**Task item:** Scan the listing for the word "track" and report every line that contains it.

★ ★ ★ ★ ★

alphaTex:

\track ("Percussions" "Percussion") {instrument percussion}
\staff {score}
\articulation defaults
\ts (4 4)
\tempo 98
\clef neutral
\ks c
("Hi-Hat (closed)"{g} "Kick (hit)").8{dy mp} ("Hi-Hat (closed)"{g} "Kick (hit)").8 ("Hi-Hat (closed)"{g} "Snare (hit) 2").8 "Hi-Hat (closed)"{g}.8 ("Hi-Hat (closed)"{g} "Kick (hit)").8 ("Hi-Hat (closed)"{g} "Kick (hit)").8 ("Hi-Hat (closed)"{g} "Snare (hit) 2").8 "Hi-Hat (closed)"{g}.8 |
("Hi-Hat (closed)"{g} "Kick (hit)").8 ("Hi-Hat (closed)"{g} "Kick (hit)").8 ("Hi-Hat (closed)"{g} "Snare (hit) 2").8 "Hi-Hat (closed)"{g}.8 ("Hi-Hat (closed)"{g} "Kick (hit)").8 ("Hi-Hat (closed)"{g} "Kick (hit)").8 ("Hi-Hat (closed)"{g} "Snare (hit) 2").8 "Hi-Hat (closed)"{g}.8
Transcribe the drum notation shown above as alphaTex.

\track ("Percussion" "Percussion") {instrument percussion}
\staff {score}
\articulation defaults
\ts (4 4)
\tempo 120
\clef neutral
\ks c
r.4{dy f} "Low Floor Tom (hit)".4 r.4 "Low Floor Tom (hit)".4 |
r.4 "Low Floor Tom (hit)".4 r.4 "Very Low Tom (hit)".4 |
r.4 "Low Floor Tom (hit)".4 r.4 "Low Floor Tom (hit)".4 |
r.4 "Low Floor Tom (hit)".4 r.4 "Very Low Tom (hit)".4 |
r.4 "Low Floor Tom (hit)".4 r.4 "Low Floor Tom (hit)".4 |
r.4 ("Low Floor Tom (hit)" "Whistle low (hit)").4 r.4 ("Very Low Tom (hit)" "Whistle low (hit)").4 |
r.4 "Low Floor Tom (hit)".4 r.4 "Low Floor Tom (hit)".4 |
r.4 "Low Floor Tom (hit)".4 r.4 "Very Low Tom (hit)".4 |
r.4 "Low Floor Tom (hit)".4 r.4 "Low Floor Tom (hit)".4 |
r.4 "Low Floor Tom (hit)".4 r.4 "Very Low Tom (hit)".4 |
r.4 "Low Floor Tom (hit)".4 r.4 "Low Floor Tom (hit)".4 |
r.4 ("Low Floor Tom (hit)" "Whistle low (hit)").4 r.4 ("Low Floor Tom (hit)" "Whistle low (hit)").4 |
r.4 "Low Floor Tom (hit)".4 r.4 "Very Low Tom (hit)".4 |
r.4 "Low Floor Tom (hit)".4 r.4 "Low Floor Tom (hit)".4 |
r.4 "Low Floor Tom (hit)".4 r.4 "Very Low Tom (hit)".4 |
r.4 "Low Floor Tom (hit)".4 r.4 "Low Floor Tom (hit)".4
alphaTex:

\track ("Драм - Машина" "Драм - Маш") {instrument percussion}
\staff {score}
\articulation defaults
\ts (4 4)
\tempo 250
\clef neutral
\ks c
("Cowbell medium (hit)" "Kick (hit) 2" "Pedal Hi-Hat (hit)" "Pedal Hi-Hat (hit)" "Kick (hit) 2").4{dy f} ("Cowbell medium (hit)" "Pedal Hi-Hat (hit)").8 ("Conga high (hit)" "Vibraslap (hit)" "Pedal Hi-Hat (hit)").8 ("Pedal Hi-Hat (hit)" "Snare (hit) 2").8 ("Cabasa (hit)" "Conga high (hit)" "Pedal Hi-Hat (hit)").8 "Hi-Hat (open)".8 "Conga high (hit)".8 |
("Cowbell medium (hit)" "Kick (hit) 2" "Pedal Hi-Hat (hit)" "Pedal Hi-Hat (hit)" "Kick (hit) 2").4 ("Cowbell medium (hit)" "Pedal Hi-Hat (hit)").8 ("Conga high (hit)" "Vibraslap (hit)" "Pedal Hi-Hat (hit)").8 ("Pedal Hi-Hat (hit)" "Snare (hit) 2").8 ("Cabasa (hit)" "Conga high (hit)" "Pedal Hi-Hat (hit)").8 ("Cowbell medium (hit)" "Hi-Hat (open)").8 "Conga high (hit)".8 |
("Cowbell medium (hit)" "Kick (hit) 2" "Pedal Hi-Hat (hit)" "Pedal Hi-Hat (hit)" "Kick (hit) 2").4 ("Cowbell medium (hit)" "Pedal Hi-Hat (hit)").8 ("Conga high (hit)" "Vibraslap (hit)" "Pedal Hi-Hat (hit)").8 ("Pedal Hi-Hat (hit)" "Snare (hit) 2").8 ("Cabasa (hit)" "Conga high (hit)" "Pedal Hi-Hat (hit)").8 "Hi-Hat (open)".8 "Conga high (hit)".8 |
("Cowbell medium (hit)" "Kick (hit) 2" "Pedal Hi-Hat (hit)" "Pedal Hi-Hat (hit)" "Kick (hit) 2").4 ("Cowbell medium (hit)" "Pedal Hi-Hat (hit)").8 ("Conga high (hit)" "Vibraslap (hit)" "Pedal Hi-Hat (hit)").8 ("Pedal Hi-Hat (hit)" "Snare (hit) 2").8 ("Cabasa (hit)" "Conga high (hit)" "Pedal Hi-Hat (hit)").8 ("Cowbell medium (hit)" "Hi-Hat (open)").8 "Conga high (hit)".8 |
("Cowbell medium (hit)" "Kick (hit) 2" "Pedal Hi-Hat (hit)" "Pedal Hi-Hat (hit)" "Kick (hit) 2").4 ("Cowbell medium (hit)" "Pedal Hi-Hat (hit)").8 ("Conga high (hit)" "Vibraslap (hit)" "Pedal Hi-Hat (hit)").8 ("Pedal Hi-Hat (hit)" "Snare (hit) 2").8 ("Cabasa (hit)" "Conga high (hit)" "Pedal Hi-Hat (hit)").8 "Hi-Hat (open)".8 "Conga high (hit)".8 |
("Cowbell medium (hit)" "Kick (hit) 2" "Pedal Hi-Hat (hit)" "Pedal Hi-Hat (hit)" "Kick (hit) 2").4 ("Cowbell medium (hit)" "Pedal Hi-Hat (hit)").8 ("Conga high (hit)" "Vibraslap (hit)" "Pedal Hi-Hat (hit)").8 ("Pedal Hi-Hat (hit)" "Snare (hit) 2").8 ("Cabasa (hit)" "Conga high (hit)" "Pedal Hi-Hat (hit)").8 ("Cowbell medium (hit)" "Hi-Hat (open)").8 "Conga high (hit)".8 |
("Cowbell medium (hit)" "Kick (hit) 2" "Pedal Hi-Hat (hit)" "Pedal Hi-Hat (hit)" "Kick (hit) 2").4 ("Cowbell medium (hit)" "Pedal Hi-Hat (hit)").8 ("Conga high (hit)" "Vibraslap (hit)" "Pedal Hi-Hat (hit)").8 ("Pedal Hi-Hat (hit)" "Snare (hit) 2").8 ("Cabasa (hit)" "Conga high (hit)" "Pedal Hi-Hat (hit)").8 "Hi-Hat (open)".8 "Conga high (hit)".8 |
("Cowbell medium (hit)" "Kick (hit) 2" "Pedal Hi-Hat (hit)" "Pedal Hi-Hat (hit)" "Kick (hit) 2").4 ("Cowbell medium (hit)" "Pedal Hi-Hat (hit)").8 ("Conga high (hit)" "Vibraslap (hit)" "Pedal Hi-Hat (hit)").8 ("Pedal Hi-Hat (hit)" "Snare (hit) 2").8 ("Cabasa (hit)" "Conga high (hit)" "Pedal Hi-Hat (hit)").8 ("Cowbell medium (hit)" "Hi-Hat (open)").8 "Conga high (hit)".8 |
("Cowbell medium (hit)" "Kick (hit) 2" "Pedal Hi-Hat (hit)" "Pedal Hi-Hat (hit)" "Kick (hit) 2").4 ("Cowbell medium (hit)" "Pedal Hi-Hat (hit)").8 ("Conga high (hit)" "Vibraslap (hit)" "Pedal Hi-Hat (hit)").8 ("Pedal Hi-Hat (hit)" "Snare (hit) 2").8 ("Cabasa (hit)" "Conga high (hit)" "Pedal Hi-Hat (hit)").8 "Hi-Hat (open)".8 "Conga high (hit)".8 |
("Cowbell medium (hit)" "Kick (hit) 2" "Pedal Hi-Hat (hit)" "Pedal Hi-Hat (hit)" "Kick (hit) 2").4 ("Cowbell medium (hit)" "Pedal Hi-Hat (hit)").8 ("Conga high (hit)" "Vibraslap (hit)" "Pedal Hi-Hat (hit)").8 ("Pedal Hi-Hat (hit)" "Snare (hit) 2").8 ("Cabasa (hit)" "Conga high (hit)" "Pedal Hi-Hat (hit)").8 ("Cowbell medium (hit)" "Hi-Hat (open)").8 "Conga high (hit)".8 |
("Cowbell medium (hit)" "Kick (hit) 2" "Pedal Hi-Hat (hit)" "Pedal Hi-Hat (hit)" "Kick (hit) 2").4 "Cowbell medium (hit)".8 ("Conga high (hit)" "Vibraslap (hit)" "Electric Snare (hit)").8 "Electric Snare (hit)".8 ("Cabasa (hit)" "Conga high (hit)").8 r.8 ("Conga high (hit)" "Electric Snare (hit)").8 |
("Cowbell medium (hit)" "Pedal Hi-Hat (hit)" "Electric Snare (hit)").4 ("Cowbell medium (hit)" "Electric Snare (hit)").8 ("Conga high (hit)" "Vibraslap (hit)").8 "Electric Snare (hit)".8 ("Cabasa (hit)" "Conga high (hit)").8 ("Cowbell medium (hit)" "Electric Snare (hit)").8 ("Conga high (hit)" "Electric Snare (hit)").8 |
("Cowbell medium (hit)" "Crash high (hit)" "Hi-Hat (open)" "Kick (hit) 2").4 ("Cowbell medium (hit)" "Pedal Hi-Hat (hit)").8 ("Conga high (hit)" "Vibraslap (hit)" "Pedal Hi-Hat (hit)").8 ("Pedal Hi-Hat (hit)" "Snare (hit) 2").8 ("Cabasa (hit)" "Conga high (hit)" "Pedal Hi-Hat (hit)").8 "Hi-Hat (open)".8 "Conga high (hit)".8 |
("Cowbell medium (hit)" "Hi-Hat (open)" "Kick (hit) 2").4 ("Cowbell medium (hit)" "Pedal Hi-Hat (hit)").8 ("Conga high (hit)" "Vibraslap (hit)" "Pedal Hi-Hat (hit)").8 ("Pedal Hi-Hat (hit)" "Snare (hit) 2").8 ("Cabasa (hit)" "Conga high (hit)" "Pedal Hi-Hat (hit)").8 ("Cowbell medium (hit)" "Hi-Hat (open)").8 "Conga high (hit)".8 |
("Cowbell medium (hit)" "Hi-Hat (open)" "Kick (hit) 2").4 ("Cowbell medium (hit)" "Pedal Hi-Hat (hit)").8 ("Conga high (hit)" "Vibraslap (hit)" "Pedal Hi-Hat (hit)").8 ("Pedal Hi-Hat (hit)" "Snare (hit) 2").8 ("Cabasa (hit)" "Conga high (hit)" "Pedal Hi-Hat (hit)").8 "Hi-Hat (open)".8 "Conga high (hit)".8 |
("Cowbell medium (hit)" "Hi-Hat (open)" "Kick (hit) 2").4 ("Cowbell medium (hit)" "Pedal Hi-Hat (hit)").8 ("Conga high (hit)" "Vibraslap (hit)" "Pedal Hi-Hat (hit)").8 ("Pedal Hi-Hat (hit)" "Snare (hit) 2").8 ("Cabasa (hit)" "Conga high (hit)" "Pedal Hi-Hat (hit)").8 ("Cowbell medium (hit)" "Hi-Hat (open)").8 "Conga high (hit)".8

★ ★ ★ ★ ★

**Expected output:**
\track ("Percussions" "Percussion") {instrument percussion}
\track ("Percussion" "Percussion") {instrument percussion}
\track ("Драм - Машина" "Драм - Маш") {instrument percussion}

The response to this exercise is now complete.